[Stored dataset items]
################
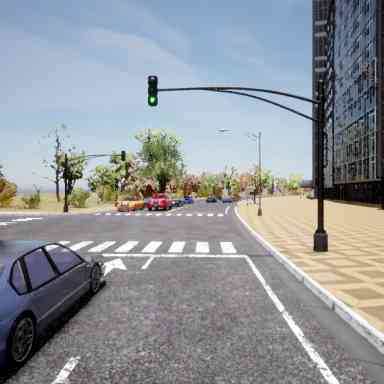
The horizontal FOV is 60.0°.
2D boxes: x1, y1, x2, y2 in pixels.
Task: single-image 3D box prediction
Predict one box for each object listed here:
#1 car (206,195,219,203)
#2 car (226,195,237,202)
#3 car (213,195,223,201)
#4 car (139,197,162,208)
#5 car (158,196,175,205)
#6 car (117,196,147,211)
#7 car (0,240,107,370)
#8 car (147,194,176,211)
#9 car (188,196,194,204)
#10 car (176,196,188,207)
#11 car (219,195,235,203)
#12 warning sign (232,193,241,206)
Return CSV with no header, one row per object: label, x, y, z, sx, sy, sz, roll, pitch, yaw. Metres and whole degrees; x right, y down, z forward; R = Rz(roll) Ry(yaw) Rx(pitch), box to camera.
car,4.217,1.559,70.759,1.994,1.385,4.181,0,0,12
car,9.650,1.545,80.338,2.128,1.511,4.902,0,0,14
car,6.340,1.392,80.466,1.812,1.442,4.674,0,0,14
car,-6.135,1.548,49.410,2.033,1.411,5.357,0,0,8
car,-4.502,1.507,59.693,1.837,1.490,4.892,0,0,10
car,-7.371,1.350,40.021,2.097,1.767,4.553,0,0,8
car,-3.035,1.547,5.651,2.033,1.411,5.357,0,0,1
car,-3.896,1.221,41.441,2.150,2.045,5.566,0,0,7
car,-0.817,1.532,61.878,1.812,1.442,4.674,0,0,10
car,-2.524,1.494,51.613,2.128,1.511,4.902,0,0,8
car,7.496,1.561,70.037,2.033,1.411,5.357,0,0,12
warning sign,6.478,1.122,48.189,1.300,1.860,1.060,0,0,8
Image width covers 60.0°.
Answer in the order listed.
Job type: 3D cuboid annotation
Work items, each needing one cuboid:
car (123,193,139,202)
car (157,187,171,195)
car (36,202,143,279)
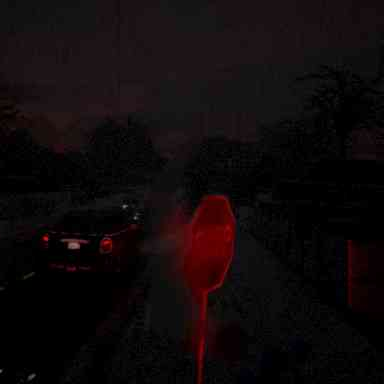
[{"bbox_3d":[-8.250,0.904,45.233,1.812,1.442,4.674,3,1,-7],"label":"car"},{"bbox_3d":[-7.510,-0.350,84.717,2.150,2.045,5.566,3,2,1],"label":"car"},{"bbox_3d":[-2.877,1.362,10.463,2.097,1.767,4.553,3,0,2],"label":"car"}]
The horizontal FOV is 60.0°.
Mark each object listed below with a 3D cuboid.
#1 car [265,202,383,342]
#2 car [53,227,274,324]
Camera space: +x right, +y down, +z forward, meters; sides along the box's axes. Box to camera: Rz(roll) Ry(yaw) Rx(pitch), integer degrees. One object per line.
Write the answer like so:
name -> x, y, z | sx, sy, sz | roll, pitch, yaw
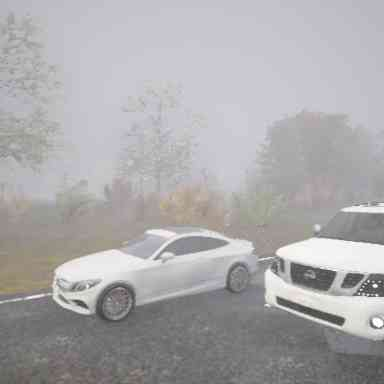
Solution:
car -> 3.911, 1.247, 6.476 | 5.566, 2.045, 2.150 | 0, 0, -36
car -> -0.527, 1.539, 7.301 | 4.674, 1.442, 1.812 | 0, 0, -36
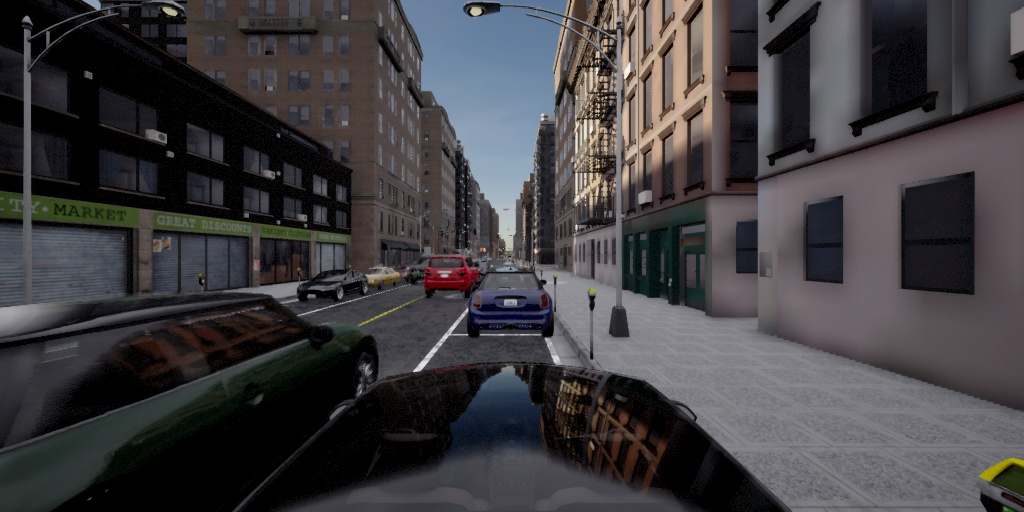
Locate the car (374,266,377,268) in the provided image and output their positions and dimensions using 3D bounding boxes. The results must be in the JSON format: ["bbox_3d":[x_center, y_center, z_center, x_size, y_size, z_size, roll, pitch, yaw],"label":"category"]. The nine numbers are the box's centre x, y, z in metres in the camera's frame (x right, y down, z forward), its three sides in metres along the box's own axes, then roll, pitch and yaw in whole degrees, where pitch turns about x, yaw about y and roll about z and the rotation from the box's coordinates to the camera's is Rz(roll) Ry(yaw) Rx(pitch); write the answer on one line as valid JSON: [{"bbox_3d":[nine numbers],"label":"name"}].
[{"bbox_3d":[-8.408,1.315,17.218,1.948,1.339,4.313,0,0,0],"label":"car"}]

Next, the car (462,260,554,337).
[{"bbox_3d":[-0.033,1.102,10.470,2.097,1.767,4.553,0,0,0],"label":"car"}]

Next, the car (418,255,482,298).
[{"bbox_3d":[-3.023,0.971,18.813,2.150,2.045,5.566,0,0,0],"label":"car"}]

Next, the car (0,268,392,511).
[{"bbox_3d":[-2.927,1.101,3.221,2.097,1.767,4.553,0,0,0],"label":"car"}]

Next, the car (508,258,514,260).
[{"bbox_3d":[-0.383,1.269,39.031,1.751,1.417,4.829,0,0,0],"label":"car"}]

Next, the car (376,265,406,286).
[{"bbox_3d":[-8.408,1.275,22.461,1.751,1.417,4.829,0,0,0],"label":"car"}]

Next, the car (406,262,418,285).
[{"bbox_3d":[-5.870,0.970,26.622,2.150,2.045,5.566,0,0,0],"label":"car"}]
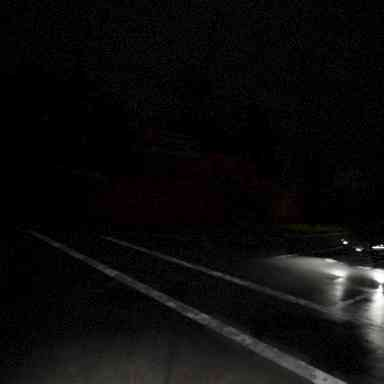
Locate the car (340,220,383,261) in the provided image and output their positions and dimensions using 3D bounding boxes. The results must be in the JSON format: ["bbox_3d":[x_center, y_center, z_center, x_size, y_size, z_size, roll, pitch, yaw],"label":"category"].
[{"bbox_3d":[7.843,1.919,13.535,4.892,1.490,1.837,3,0,-41],"label":"car"}]
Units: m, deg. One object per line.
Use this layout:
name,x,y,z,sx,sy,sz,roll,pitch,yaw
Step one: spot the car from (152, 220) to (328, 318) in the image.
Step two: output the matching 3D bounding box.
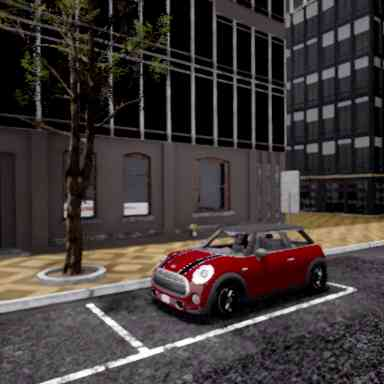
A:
car,1.132,1.479,7.387,4.097,1.590,1.967,1,-1,-36
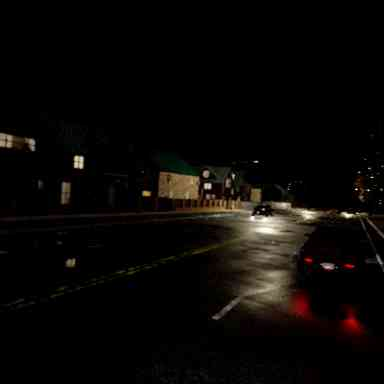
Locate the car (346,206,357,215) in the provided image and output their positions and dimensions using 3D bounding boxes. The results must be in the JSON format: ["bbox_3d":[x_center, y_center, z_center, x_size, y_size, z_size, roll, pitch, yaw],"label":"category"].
[{"bbox_3d":[38.132,4.783,79.677,1.994,1.385,4.181,4,-1,26],"label":"car"}]

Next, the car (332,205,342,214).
[{"bbox_3d":[36.901,4.330,84.503,2.150,2.045,5.566,4,-1,26],"label":"car"}]

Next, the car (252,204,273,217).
[{"bbox_3d":[9.045,2.358,42.177,1.837,1.490,4.892,4,0,26],"label":"car"}]

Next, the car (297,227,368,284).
[{"bbox_3d":[4.700,1.906,11.045,1.812,1.442,4.674,4,0,26],"label":"car"}]

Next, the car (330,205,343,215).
[{"bbox_3d":[32.306,4.245,75.112,1.882,1.535,5.008,4,-1,26],"label":"car"}]
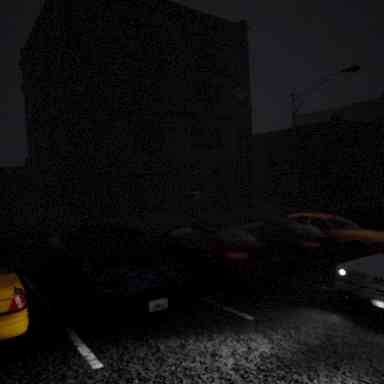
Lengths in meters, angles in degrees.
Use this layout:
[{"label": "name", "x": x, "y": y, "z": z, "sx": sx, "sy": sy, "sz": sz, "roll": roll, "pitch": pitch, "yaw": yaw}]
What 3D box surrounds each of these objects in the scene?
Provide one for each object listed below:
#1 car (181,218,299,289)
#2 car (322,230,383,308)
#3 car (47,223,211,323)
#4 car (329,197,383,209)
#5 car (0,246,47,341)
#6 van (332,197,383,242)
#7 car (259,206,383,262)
[{"label": "car", "x": 0.301, "y": 1.517, "z": 9.216, "sx": 2.002, "sy": 1.452, "sz": 4.674, "roll": 0, "pitch": 0, "yaw": -35}, {"label": "car", "x": 5.000, "y": 1.597, "z": 6.926, "sx": 4.718, "sy": 1.301, "sz": 1.895, "roll": 0, "pitch": 0, "yaw": -35}, {"label": "car", "x": -1.955, "y": 1.508, "z": 7.574, "sx": 2.163, "sy": 1.488, "sz": 4.792, "roll": 0, "pitch": 0, "yaw": -36}, {"label": "car", "x": 6.996, "y": 1.221, "z": 14.033, "sx": 2.435, "sy": 2.045, "sz": 5.566, "roll": 0, "pitch": 0, "yaw": -36}, {"label": "car", "x": -4.352, "y": 1.478, "z": 6.127, "sx": 1.946, "sy": 1.575, "sz": 5.366, "roll": 0, "pitch": 0, "yaw": -36}, {"label": "van", "x": 9.217, "y": 1.245, "z": 15.726, "sx": 1.878, "sy": 1.987, "sz": 4.442, "roll": 0, "pitch": 0, "yaw": -36}, {"label": "car", "x": 4.951, "y": 1.471, "z": 12.311, "sx": 1.946, "sy": 1.575, "sz": 5.366, "roll": 0, "pitch": 0, "yaw": -36}]
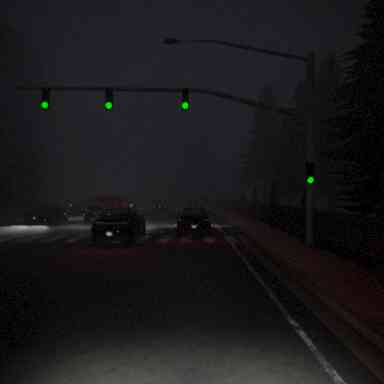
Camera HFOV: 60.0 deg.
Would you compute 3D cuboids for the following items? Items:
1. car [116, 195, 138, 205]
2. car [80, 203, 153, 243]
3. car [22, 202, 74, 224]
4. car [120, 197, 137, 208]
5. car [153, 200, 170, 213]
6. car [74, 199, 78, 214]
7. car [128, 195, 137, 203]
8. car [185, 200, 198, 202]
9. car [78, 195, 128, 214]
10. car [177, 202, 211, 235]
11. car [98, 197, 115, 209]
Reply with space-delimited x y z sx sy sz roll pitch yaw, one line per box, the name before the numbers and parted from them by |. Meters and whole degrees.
car | -12.320 1.398 62.466 2.097 1.767 4.553 0 0 -41
car | -3.398 1.499 16.061 2.128 1.511 4.902 0 0 0
car | -10.576 1.557 24.277 1.994 1.385 4.181 0 0 0
car | -9.780 1.562 50.670 1.812 1.442 4.674 0 0 -21
car | -3.516 1.588 37.618 2.033 1.411 5.357 0 0 -3
car | -10.602 1.358 32.978 2.097 1.767 4.553 0 0 0
car | -7.232 1.379 36.752 2.097 1.767 4.553 0 0 -2
car | -0.064 1.602 38.306 2.033 1.411 5.357 0 0 -4
car | -7.056 1.232 27.108 2.150 2.045 5.566 0 0 1
car | 0.101 1.551 19.026 1.812 1.442 4.674 0 0 0
car | -11.884 1.512 45.989 2.128 1.511 4.902 0 0 -15
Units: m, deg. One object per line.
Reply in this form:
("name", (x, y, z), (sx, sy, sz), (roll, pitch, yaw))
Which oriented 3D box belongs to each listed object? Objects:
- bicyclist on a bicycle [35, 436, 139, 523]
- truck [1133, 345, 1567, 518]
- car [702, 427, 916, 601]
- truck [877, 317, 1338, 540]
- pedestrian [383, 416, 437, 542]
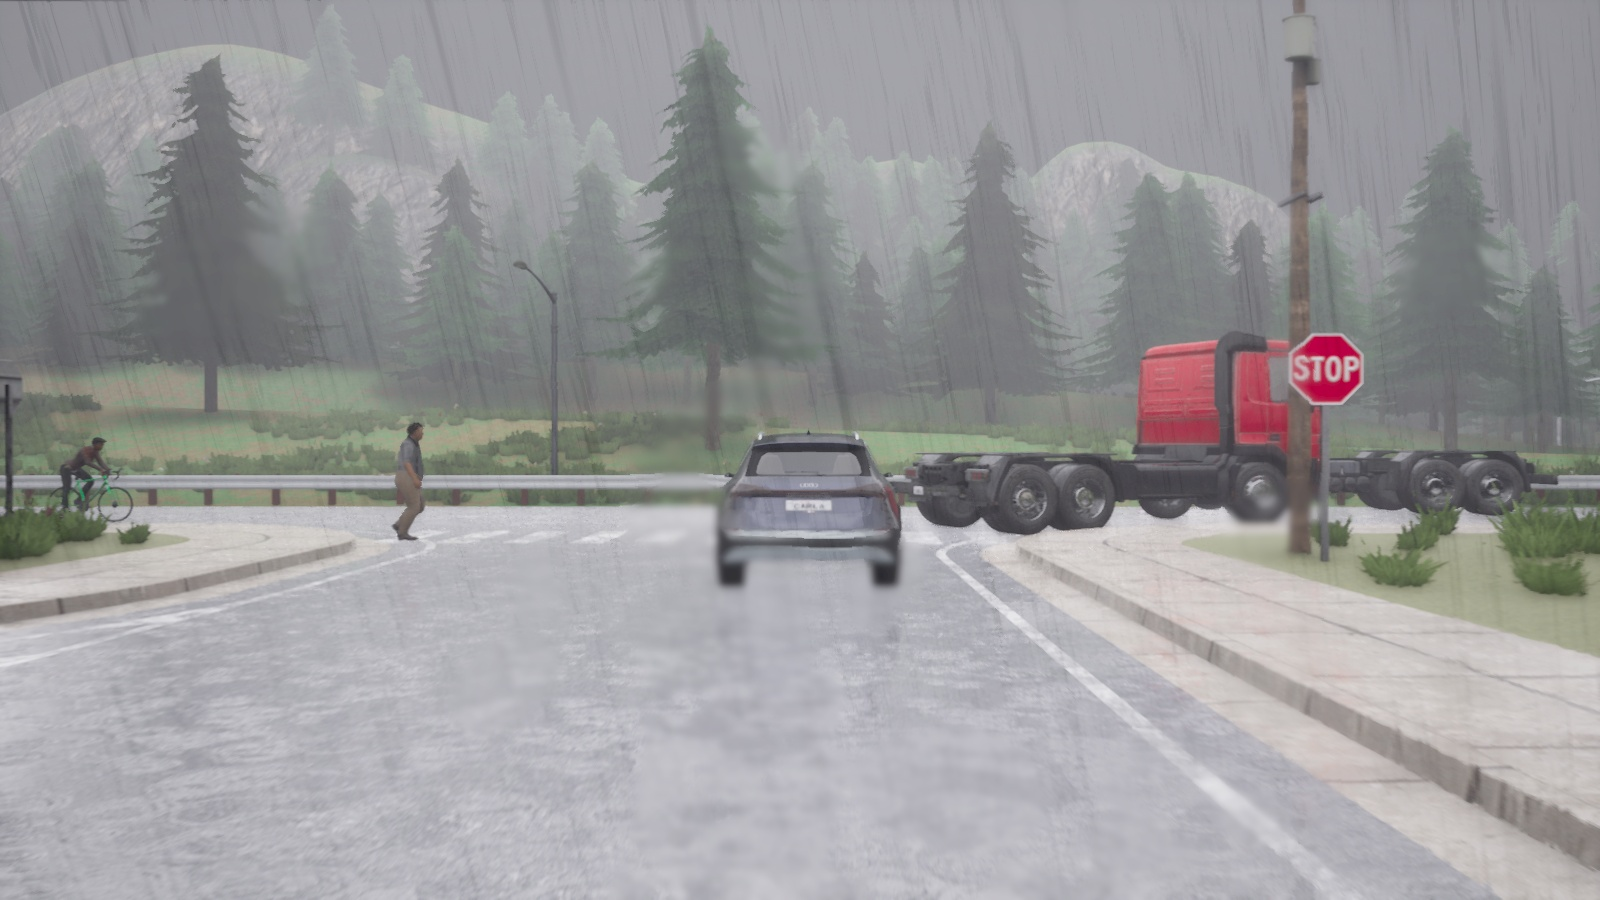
("bicyclist on a bicycle", (-13.499, 0.554, 23.799), (1.656, 1.620, 0.582), (0, 0, 1))
("truck", (11.433, -0.376, 26.713), (7.936, 3.462, 2.891), (0, 0, 1))
("car", (0.098, 0.596, 14.386), (2.033, 1.649, 4.856), (0, 0, 0))
("truck", (5.560, -0.358, 22.471), (7.936, 3.462, 2.891), (0, 0, -25))
("pedestrian", (-5.785, 0.422, 18.668), (0.694, 1.848, 0.540), (0, 0, -9))
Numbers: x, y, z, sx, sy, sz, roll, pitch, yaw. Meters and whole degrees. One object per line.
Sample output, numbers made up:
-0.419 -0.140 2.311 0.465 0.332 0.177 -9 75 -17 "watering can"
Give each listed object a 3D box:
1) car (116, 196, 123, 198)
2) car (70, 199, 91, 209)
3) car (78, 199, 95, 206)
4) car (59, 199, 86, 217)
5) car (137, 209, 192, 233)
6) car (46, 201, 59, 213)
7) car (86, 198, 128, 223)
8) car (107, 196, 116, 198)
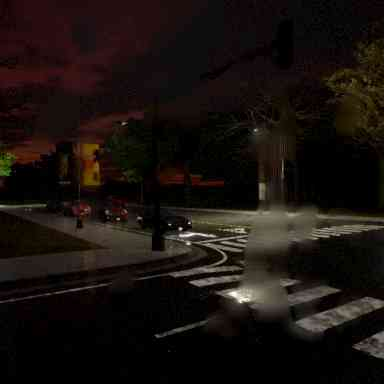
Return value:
-13.109 1.619 55.139 2.150 2.045 5.566 -1 0 -35 "car"
-19.674 2.077 58.688 2.033 1.411 5.357 -1 0 -35 "car"
-21.175 2.098 66.666 1.994 1.385 4.181 -1 0 -35 "car"
-13.105 1.811 37.824 2.097 1.767 4.553 -1 0 -35 "car"
-1.993 1.819 22.056 2.033 1.411 5.357 -1 0 -29 "car"
-18.865 2.034 46.126 1.882 1.535 5.008 -1 0 -35 "car"
-7.493 1.716 29.806 2.097 1.767 4.553 -1 0 -35 "car"
-13.810 1.781 50.379 2.097 1.767 4.553 -1 0 -35 "car"
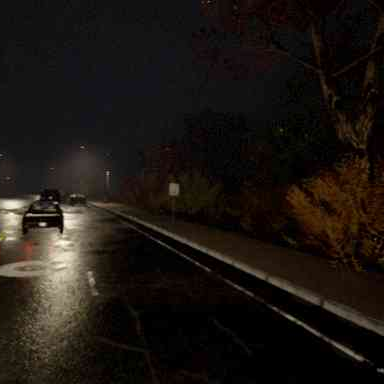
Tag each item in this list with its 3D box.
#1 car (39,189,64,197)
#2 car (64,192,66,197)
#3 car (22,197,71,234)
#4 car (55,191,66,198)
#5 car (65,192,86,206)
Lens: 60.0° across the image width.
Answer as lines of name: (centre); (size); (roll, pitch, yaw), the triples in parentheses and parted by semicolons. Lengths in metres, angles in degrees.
car: (-15.697, 0.701, 36.858); (2.150, 2.045, 5.566); (2, 0, -23)
car: (-20.574, 0.773, 55.658); (1.882, 1.535, 5.008); (2, 0, -25)
car: (-7.695, 1.240, 17.457); (2.128, 1.511, 4.902); (2, 0, -21)
car: (-28.558, 0.499, 72.086); (1.882, 1.535, 5.008); (2, 0, -27)
car: (-14.716, 0.984, 42.711); (2.128, 1.511, 4.902); (2, 0, -24)
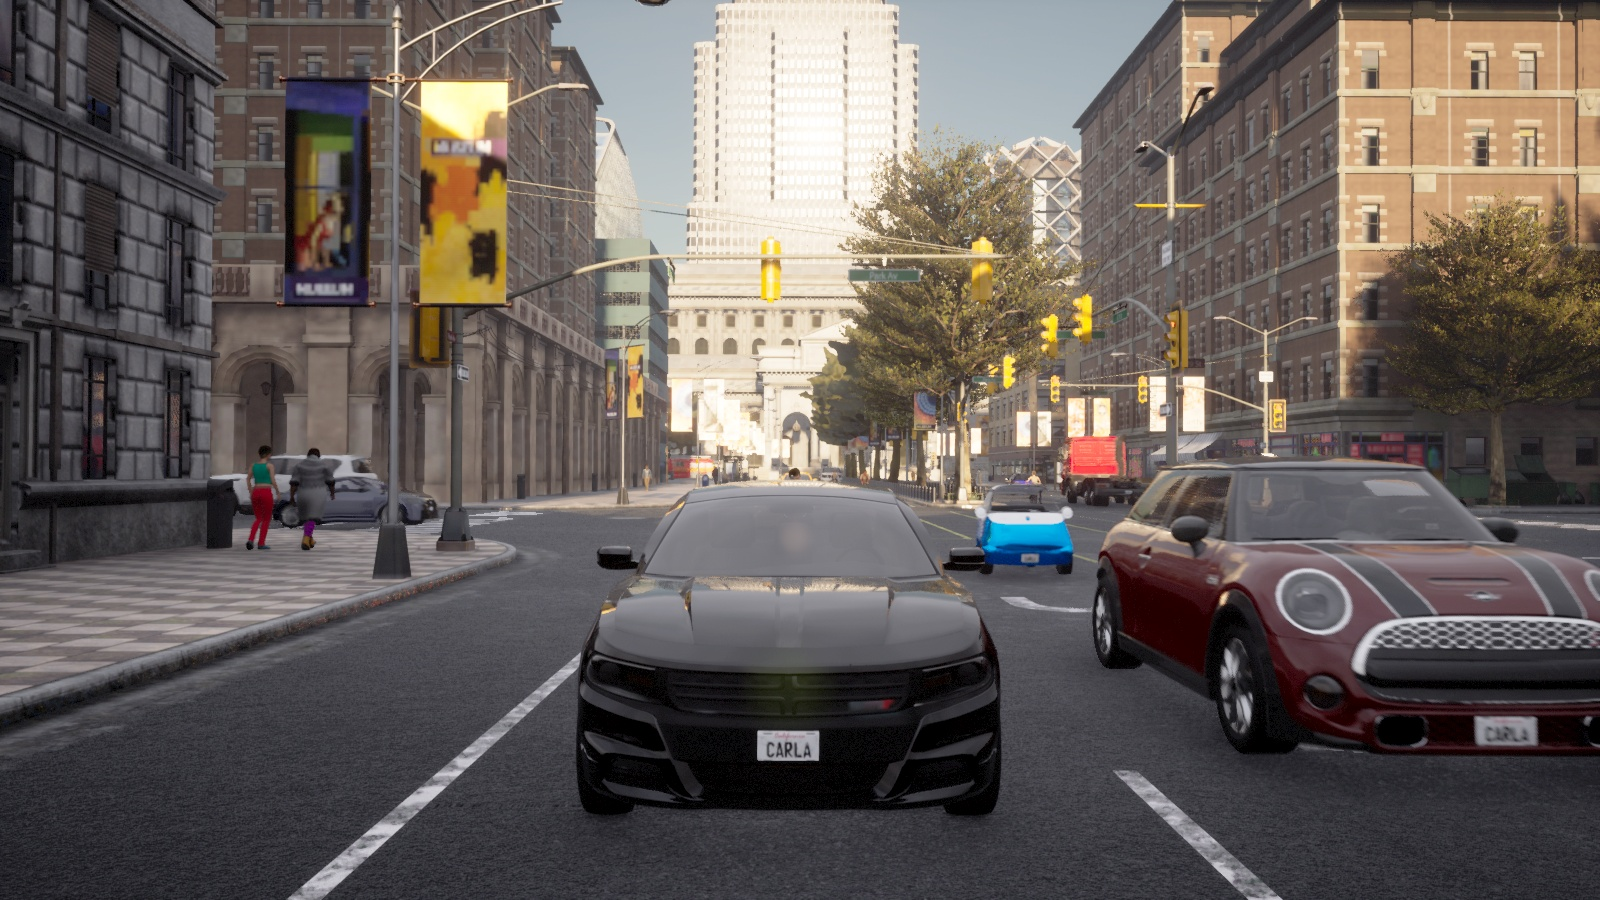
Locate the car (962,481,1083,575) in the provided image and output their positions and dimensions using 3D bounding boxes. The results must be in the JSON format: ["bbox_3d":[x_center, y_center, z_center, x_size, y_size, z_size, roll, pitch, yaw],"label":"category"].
[{"bbox_3d":[3.425,1.184,19.662,1.481,1.376,2.207,0,-2,0],"label":"car"}]

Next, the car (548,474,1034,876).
[{"bbox_3d":[-0.045,0.916,7.376,1.882,1.535,5.008,0,-1,0],"label":"car"}]

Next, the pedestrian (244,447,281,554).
################
From the records above, print exactly the lines that run from the line with "1) car (116, 196, 123, 198)" to the line with "8) car (107, 196, 116, 198)", inclusive.

1) car (116, 196, 123, 198)
2) car (70, 199, 91, 209)
3) car (78, 199, 95, 206)
4) car (59, 199, 86, 217)
5) car (137, 209, 192, 233)
6) car (46, 201, 59, 213)
7) car (86, 198, 128, 223)
8) car (107, 196, 116, 198)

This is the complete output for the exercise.